Que alimentos le hacen mal a los caballos?
Tabla de contenido
¿Qué alimentos le hacen mal a los caballos?
Estos son los alimentos que no pueden comer los caballos
- Brócoli, brécol y todos los alimentos de esta familia.
- Frutas ricas en agua como la sandía o el melón.
- Manzanas, plátanos, fresas…
- Piensos para ganado.
- Carne.
- Heno envasado.
¿Qué fruta le gustan los caballos?
¿Qué frutas y verduras son buenas para mi caballo?
- Manzana.
- Zanahoria.
- Plátano.
- Fresas, frambuesas, arándanos…
- Melocotón.
- Lechuga.
- Tomate (cuidado con la planta ya que es muy tóxica)
- Pera.
¿Qué le puedo dar a mi caballo?
Es fundamental que la mayor parte de la alimentación de caballos sea forraje, es decir, heno, alfalfa, paja o pasto. Estos son carbohidratos esenciales para su organismo. Lo recomendable es que consuman entre 6 y 9 kg diarios. O el equivalente al 1 o 2 % de su peso corporal en heno.
¿Qué es la sandía para el caballo?
Es decir, es bueno para la estimulación muscular y el mantenimiento de los huesos del caballo. Sin lugar a dudas, perfecta para el verano, la sandía es otra de las frutas preferidas de los caballos, ¡incluyendo su corteza!
¿Qué alimentos podemos darles a los caballos?
Las frutas y verduras que podemos darles a los caballos, con moderación, son: *Prestar atención a pepitas, huesos y piel: será mejor retirarlos porque pueden ser tóxicos. Por contra, aquellos alimentos a evitar porque les pueden hacer daño, especialmente por dificultar su digestión y propiciar los cólicos, son:
¿Qué frutas y verduras puede ingerir nuestro caballo?
¿Qué otras frutas y verduras puede ingerir nuestro caballo? A grandes rasgos, los caballos pueden ingerir todo tipo de frutas y verduras.
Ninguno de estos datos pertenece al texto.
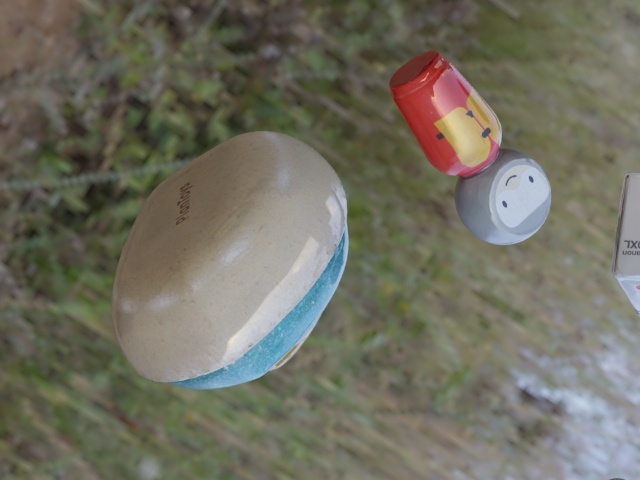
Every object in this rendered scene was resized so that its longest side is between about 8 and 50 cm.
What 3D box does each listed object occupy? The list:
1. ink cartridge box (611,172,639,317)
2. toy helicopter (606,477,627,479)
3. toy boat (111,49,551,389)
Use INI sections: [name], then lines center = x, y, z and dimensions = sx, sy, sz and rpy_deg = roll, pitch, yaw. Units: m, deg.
[ink cartridge box]
center = 0.363, 0.030, 1.682
dimensions = 0.172, 0.237, 0.100
rpy_deg = 2, -109, 22
[toy helicopter]
center = 0.253, 0.355, 1.959
dimensions = 0.235, 0.140, 0.355
rpy_deg = 66, -26, 25
[toy boat]
center = 0.000, 0.000, 1.376
dimensions = 0.318, 0.148, 0.267
rpy_deg = -30, -158, 17
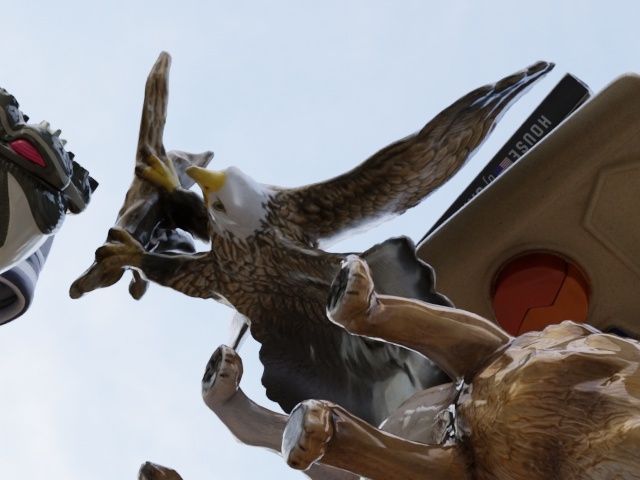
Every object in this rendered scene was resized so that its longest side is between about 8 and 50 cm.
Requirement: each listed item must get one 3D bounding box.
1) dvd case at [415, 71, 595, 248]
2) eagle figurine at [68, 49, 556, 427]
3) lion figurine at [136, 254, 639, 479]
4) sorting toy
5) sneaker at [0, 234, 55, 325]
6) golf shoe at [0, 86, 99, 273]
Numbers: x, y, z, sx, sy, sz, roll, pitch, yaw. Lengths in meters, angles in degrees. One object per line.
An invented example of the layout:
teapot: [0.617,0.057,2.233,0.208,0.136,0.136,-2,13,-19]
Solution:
dvd case: [0.160,-0.040,1.470,0.029,0.238,0.179,43,-83,14]
eagle figurine: [-0.005,0.000,1.165,0.298,0.225,0.226,4,-78,25]
lion figurine: [0.065,0.128,0.972,0.240,0.142,0.392,22,-21,-18]
sorting toy: [0.236,0.005,1.190,0.229,0.041,0.307,43,-62,-11]
sneaker: [-0.353,-0.008,1.496,0.282,0.153,0.099,8,-42,-7]
golf shoe: [-0.276,-0.071,1.258,0.273,0.120,0.105,34,-13,36]
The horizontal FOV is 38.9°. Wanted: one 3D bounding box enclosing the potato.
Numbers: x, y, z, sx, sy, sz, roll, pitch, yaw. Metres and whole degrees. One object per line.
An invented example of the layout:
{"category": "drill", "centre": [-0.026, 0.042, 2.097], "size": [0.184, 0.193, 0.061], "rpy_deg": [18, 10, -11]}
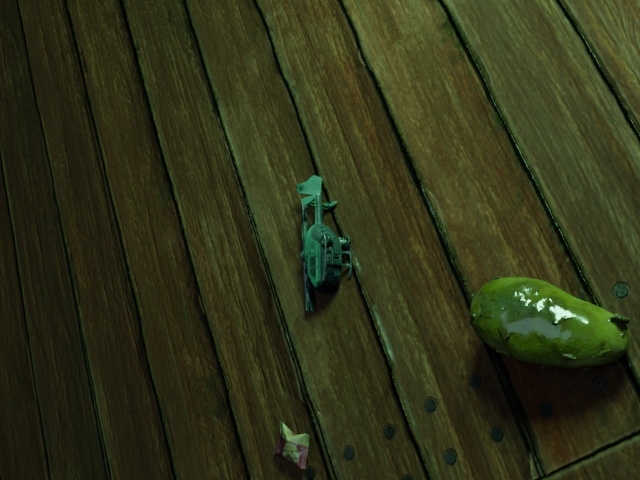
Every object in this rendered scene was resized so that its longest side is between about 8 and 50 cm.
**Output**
{"category": "potato", "centre": [0.310, 0.116, 1.245], "size": [0.225, 0.090, 0.117], "rpy_deg": [13, 79, 33]}

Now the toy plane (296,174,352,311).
{"category": "toy plane", "centre": [0.000, 0.000, 1.546], "size": [0.096, 0.060, 0.235], "rpy_deg": [-17, 70, 48]}

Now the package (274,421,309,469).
{"category": "package", "centre": [-0.049, 0.338, 1.500], "size": [0.083, 0.029, 0.059], "rpy_deg": [11, 91, 50]}
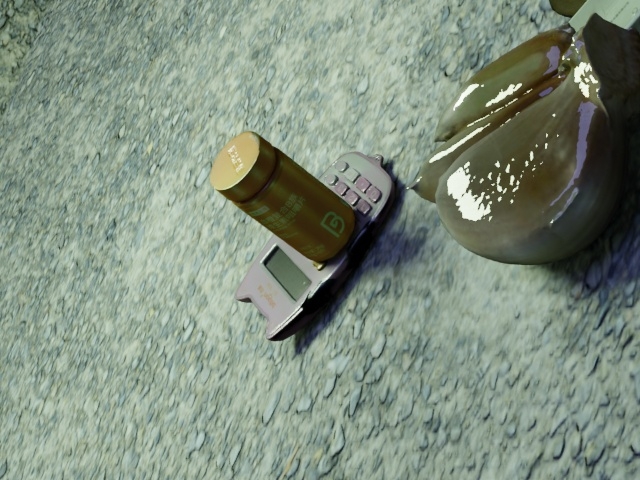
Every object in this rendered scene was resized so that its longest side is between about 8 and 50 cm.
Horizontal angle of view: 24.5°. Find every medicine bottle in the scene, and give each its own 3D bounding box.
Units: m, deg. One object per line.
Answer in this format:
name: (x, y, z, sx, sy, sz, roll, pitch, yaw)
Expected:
medicine bottle: (-0.048, -0.057, 1.962, 0.096, 0.192, 0.096, -30, 40, 29)

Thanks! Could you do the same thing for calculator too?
calculator: (0.001, 0.001, 2.066, 0.294, 0.043, 0.194, -52, 31, 5)

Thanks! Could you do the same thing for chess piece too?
chess piece: (0.318, -0.348, 1.888, 0.066, 0.066, 0.122, -38, 33, 31)

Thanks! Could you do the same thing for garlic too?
garlic: (0.250, -0.098, 1.698, 0.325, 0.132, 0.279, -44, 36, 35)

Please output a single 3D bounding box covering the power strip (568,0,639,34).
power strip: (0.409, -0.325, 1.742, 0.367, 0.043, 0.106, -50, 34, 21)
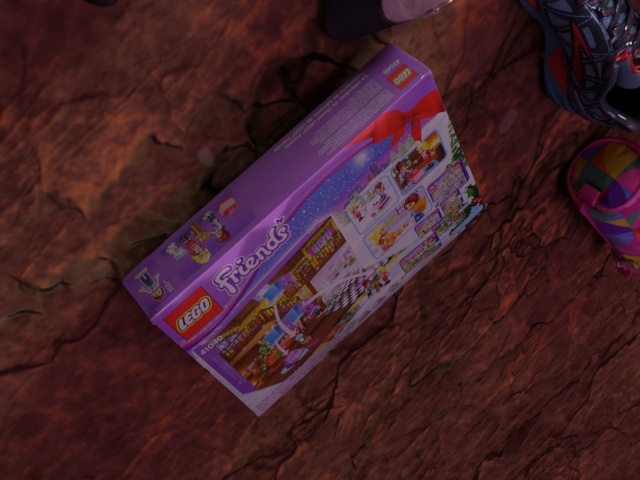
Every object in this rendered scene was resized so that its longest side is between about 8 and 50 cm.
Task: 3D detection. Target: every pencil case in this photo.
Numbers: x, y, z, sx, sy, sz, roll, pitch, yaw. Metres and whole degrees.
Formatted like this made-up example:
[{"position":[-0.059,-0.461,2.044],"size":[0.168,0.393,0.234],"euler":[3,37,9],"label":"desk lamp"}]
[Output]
[{"position":[0.370,-0.032,1.107],"size":[0.104,0.104,0.236],"euler":[-48,140,3],"label":"pencil case"}]

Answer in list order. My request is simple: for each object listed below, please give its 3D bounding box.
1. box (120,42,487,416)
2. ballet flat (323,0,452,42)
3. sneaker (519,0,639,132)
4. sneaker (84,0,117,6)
[{"position":[0.000,0.000,0.795],"size":[0.293,0.057,0.201],"euler":[-42,142,-6],"label":"box"},{"position":[0.089,-0.220,0.703],"size":[0.203,0.074,0.074],"euler":[-44,142,0],"label":"ballet flat"},{"position":[0.263,-0.197,0.836],"size":[0.104,0.125,0.262],"euler":[-43,142,-4],"label":"sneaker"},{"position":[-0.102,-0.276,0.475],"size":[0.129,0.111,0.297],"euler":[-35,148,-38],"label":"sneaker"}]
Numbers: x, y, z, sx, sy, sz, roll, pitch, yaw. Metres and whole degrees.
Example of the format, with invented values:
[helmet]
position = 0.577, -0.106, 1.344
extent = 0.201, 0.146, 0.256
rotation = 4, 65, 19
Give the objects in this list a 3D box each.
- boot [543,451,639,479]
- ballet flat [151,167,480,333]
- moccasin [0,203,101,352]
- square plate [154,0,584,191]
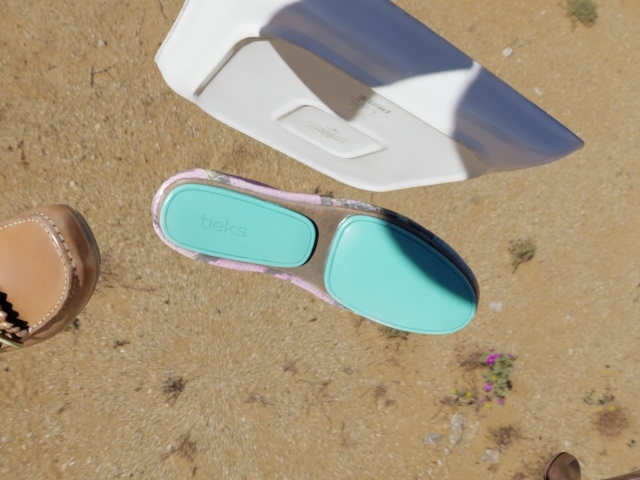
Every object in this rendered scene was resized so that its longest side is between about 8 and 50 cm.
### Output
[boot]
position = 0.233, 0.197, 0.421
extent = 0.037, 0.114, 0.106
rotation = 47, 41, 6
[ballet flat]
position = 0.000, 0.000, 0.356
extent = 0.222, 0.079, 0.077
rotation = 17, 106, -7
[moccasin]
position = -0.383, 0.065, 0.535
extent = 0.380, 0.147, 0.139
rotation = -16, 93, 22
[square plate]
position = 0.012, -0.132, 0.536
extent = 0.347, 0.344, 0.049
rotation = 24, 81, -24
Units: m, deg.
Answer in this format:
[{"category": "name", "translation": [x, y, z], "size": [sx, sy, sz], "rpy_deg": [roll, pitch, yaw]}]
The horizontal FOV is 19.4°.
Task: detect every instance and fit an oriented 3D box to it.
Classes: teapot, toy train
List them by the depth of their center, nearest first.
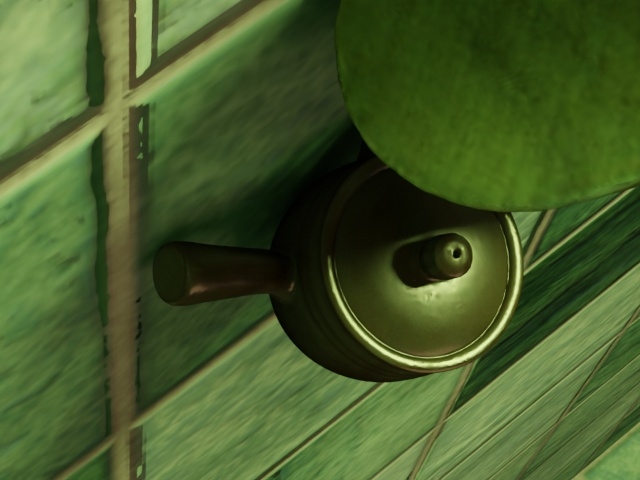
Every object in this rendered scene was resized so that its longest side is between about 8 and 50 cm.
[{"category": "toy train", "translation": [0.125, -0.087, 0.517], "size": [0.189, 0.126, 0.307], "rpy_deg": [-12, -179, 28]}, {"category": "teapot", "translation": [0.000, 0.000, 0.548], "size": [0.110, 0.085, 0.080], "rpy_deg": [-1, 172, -25]}]
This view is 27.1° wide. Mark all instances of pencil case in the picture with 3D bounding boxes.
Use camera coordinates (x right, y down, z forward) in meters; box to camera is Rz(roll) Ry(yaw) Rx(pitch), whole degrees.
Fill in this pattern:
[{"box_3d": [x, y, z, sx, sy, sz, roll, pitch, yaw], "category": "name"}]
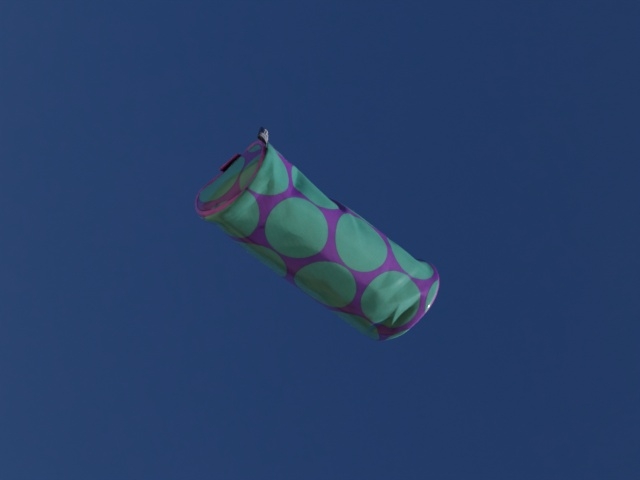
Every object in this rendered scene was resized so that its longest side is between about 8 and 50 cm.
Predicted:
[{"box_3d": [0.000, 0.000, 0.820, 0.151, 0.070, 0.064, 37, -62, -19], "category": "pencil case"}]
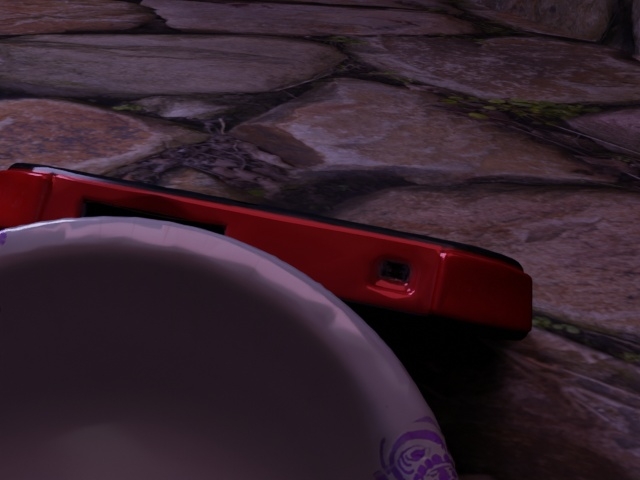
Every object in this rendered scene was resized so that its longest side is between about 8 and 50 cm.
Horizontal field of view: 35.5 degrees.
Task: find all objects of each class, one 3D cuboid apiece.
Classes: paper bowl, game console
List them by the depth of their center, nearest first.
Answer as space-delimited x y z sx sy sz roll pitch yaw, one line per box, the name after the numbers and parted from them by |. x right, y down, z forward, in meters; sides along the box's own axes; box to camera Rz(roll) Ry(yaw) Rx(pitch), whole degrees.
-0.088 0.144 0.408 0.284 0.284 0.148 1 -22 -3 | paper bowl
-0.033 0.021 0.790 0.387 0.060 0.342 11 -6 8 | game console

Algunos buenos ejemplos son la calabaza, el pepino, la alcachofa o la pera, así como el plátano.
¿Por qué no podemos dar fruta o dulce a nuestro caballo?
La respuesta es sí, pero siempre teniendo en cuenta que no se las podemos dar como «chuchería» o premio de forma recurrente. Si cada vez que vamos a ver a nuestro caballo, le damos una fruta o un dulce con la mano, le estamos inculcando un mal hábito.